Une extermination par assimilation : les générations volées

« Elle était de sang pur, une vraie noire, donc ils n’ont pas voulu la prendre […] Ils ont dit à ma mère et aux autres qu’on serait bientôt de retour. On ne serait pas parti pour longtemps, ils ont dit. Les gens criaient « ramènes nous une chemise, ramènes nous ci, ramènes nous ça ». Ils n’ont pas réalisé qu’ils ne nous verraient plus. Je pensais qu’ils voulaient nous éduquer pour qu’on puisse aider à la station des fois. J’avais tord. […] J’ai pleuré et pleuré, appelant ma mère [ …] Je ne l’ai plus jamais revue. » Sally Morgan, My Place, 1987

Dès le début des années 1900 et jusqu’en 1970, des dizaines de milliers d’enfants métis sont enlevés à leur famille et placés dans des institutions afin d’être assimilés à la société australienne et d’effacer tout lien avec leur famille (langue, culture, territoire). L’idée était qu’au fil des générations, les enfants métis se mariant avec des blancs, le sang aborigène disparaîtrait totalement.

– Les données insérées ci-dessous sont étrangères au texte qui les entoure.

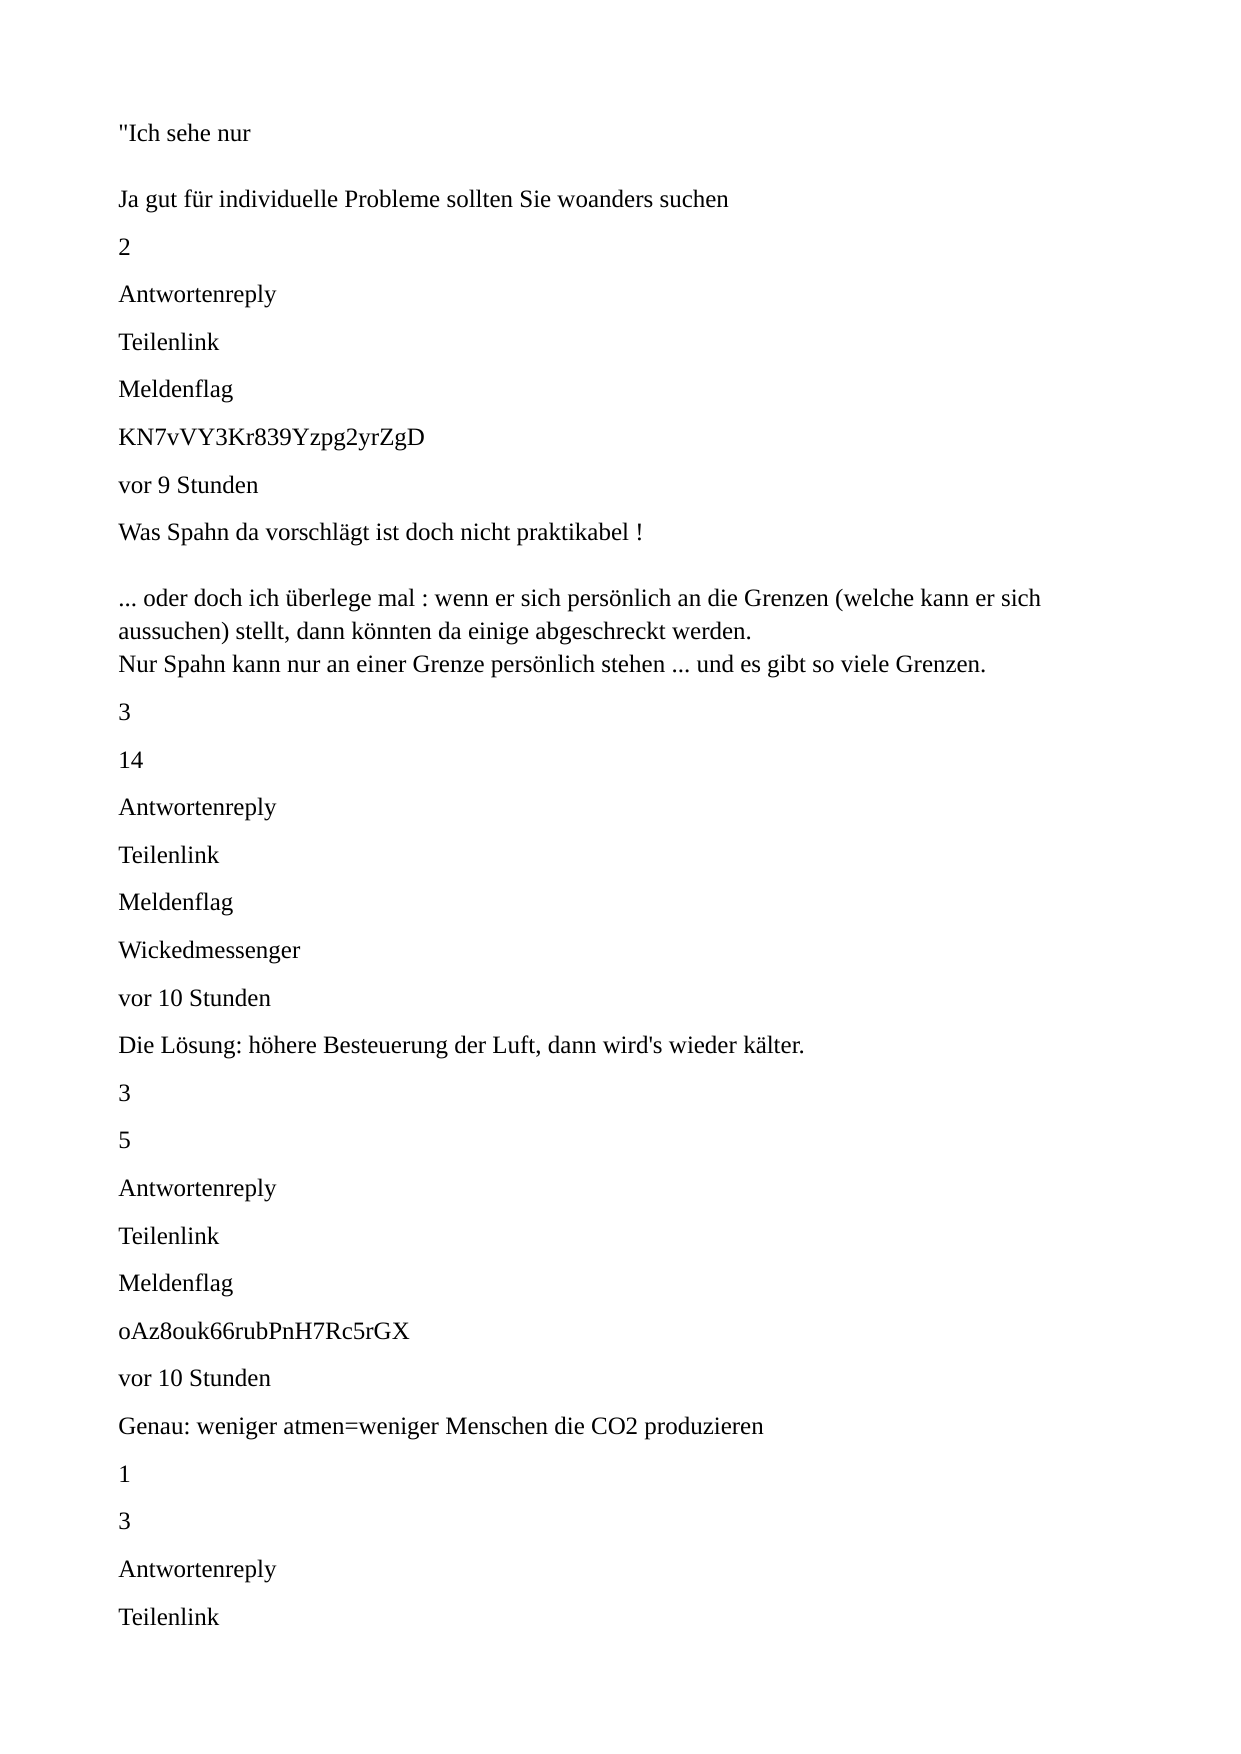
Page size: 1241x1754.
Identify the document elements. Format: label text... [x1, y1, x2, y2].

« A cette époque, être désirée par un homme blanc était considéré comme un privilège, mais si t’avais des enfants tu n’avais pas le droit de les garder. Tu pouvais seulement garder les noirs. Ils enlevaient les blancs car ils te pensaient incapable d’élever un enfant avec du sang blanc » Sally Morgan, My Place, 1987

Bien entendu cette politique a eu des effets dévastateurs sur les enfants, qui en grandissant étaient incapables de trouver une place dans la société. Rejetés par les blancs car aborigènes, rejetés par les aborigènes car occidentalisés (perte de la langue, de la culture).

Told us what to do and say
Told us all the white man’s ways
Then they split us up again
And gave us gifts to ease the pain
Sent us off to foster homes
As we grew up we felt alone
Cause we were acting white
Yet feeling black

Archie Roach, Took the children away, 1990

Ce n’est qu’en 1992 que ces dommages ont été reconnus, et 2008 que des excuses officielles envers ces générations volées et leur famille ont été prononcées.

Un ressenti encore fort

« Welcome in My Country », une simple phrase prononcée dans les rues de Darwin, en guise de remerciement. Pour s’être arrêté, avoir pris une seconde de son temps, échangé quelque mots. Un « MY » légèrement accentué, typique du ressenti par ici.
Tout comme l’homme aborigène qui a prononcé ces mots, beaucoup se sentent dépossédés et rappelleront à qui l’entend que l’Australie est avant tout LEUR terre.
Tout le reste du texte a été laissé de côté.